Additionally, these vents would have also provided a source of minerals (namely green rust and molybdenum) which likely would have behaved as enzymes, catalyzing reactions as various chemicals came into contact with them.  The green rust could have allowed the use of the proton gradient to generate molecules that contained phosphate, which could have stored the energy produced from the gradient — similar to how all living systems that we know of store their energy in ATP (Adenosine Tri-Phosphate).  The molybdenum on the other hand would have assisted in electron transfer through those membranes.
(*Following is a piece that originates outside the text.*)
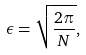Convert formula to latex. <formula><loc_0><loc_0><loc_500><loc_500>\epsilon = \sqrt { \frac { 2 \pi } N } ,</formula> 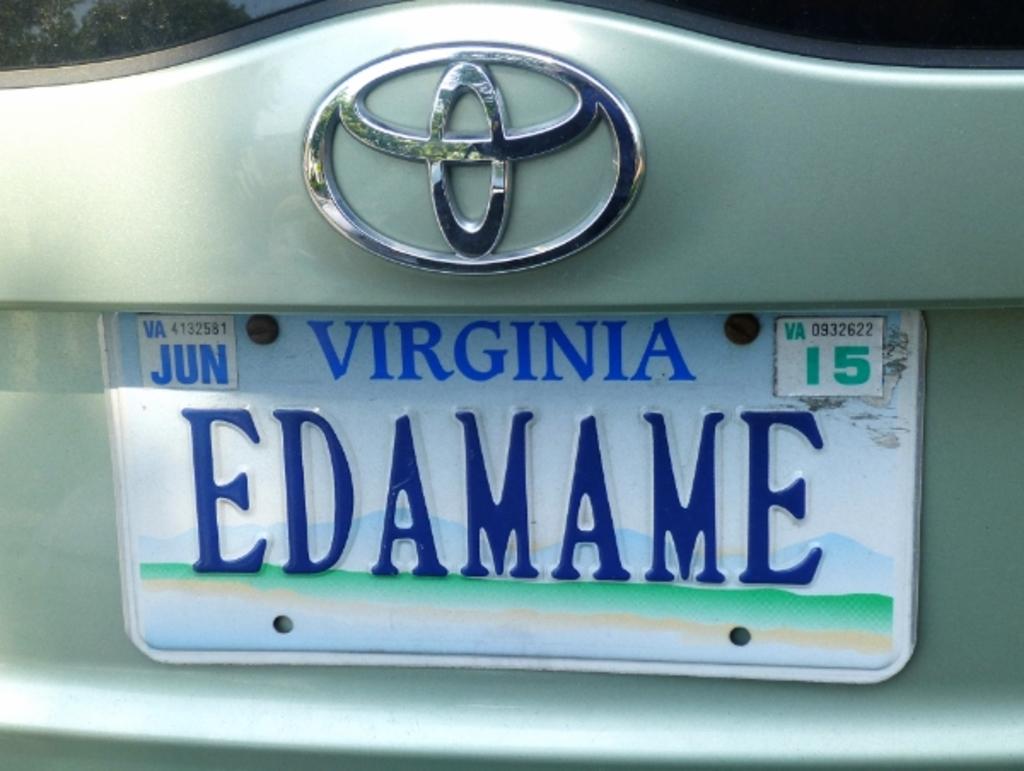What is the license plate number?
Make the answer very short. Edamame.

So this theory provides a very plausible way for catalytic metabolism as well as proto-cellular membrane formation to have resulted from natural geological processes.  These proto-cells would then likely have begun concentrating simple organic molecules formed from the reaction of CO2 and H2 with all the enzyme-like minerals that were present.  These molecules could then react with one another to polymerize and form larger and more complex molecules including eventually nucleotides and amino acids.  One promising clue that supports this theory is the fact that every living system on earth is known to share a common metabolic system, known as the citric acid cycle or Kreb’s cycle, where it operates in the forward direction for aerobic organisms and in the reverse direction for anaerobic organisms.  Since this cycle consists of only 11 molecules, and since all biological components and molecules that we know of in any species have been made by some number or combination of these 11 fundamental building blocks, scientists are trying to test (among other things) whether or not they can mimic these alkaline hydrothermal vent conditions along with the acidic ocean water that would have been present in the Hadrean era and see if it will precipitate some or all of these molecules.  If they can, it will show that this theory is more than plausible to account for the origin of life.
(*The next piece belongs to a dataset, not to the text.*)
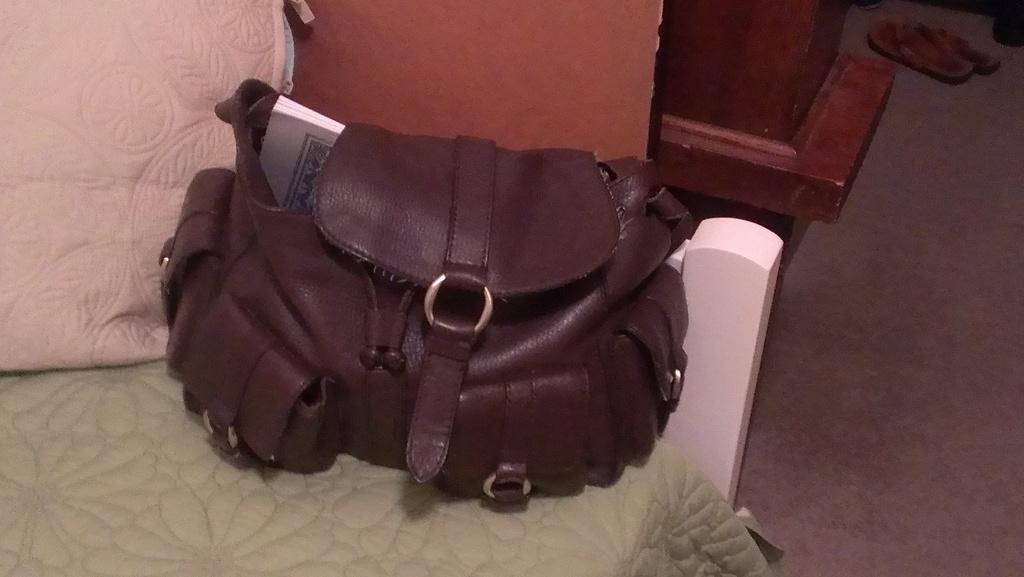What type of accessory is in the image? There is a brown handbag in the image. Where is the handbag located? The handbag is on a table. What can be seen on the floor in the image? There are slippers visible on the floor. What color is the nail sticking out of the handbag in the image? There is no nail sticking out of the handbag in the image.

Once these basic organic molecules were generated, eventually proteins would have been able to form, some of which that could have made their way to the membrane surface of the pores and acted as pumps to direct the natural proton gradient to do useful work.  Once those proteins evolved further, it would have been possible and advantageous for the membranes to become less permeable so that the gradient could be highly focused on the pump channels on the membrane of these proto-cells.  The membrane could have begun to change into one made from lipids produced from the metabolic reactions, and we already know that lipids readily form micelles or small closed spherical structures once they aggregate in aqueous conditions.  As this occurred, the proto-cells would no longer have been trapped in the porous rock, but would have eventually been able to slowly migrate away from the vents altogether, eventually forming the phospholipid bi-layer cell membranes that we see in modern cells.  Once this got started, self-replicating molecules and the rest of the evolution of the cell would have underwent natural selection as per the Darwinian evolution that most of us are familiar with.
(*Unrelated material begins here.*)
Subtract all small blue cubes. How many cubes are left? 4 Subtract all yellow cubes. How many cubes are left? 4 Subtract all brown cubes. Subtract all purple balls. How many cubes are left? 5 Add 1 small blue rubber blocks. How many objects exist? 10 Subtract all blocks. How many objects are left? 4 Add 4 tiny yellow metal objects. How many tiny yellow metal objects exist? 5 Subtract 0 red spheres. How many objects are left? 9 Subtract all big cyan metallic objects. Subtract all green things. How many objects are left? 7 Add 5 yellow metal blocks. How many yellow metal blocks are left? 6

As per the earlier discussion regarding life serving as entropy engines and energy dissipation channels, this self-replication would have been favored thermodynamically as well because replicating those entropy engines and the energy dissipation channels means that they will only become more effective at doing so.  Thus, we can tie this all together, where natural geological processes would have allowed for the required metabolism to form, thus powering organic molecular synthesis and polymerization, and all of these processes serving to increase entropy and maximize energy dissipation.  All that was needed for this to initiate was a planet that had common minerals, water, and CO2, and the natural geological processes can do the rest of the work.  These kinds of planets actually seem to be fairly common in our galaxy, with estimates ranging in the billions, thus potentially harboring life (or where it is just a matter of time before it initiates and evolves if it hasn’t already).  While there is still a lot of work to be done to confirm the validity of these models and to try to find ways of testing them vigorously, we are getting relatively close to solving the puzzle of how life originated, why it is the way it is, and how we can better search for it in other parts of the universe.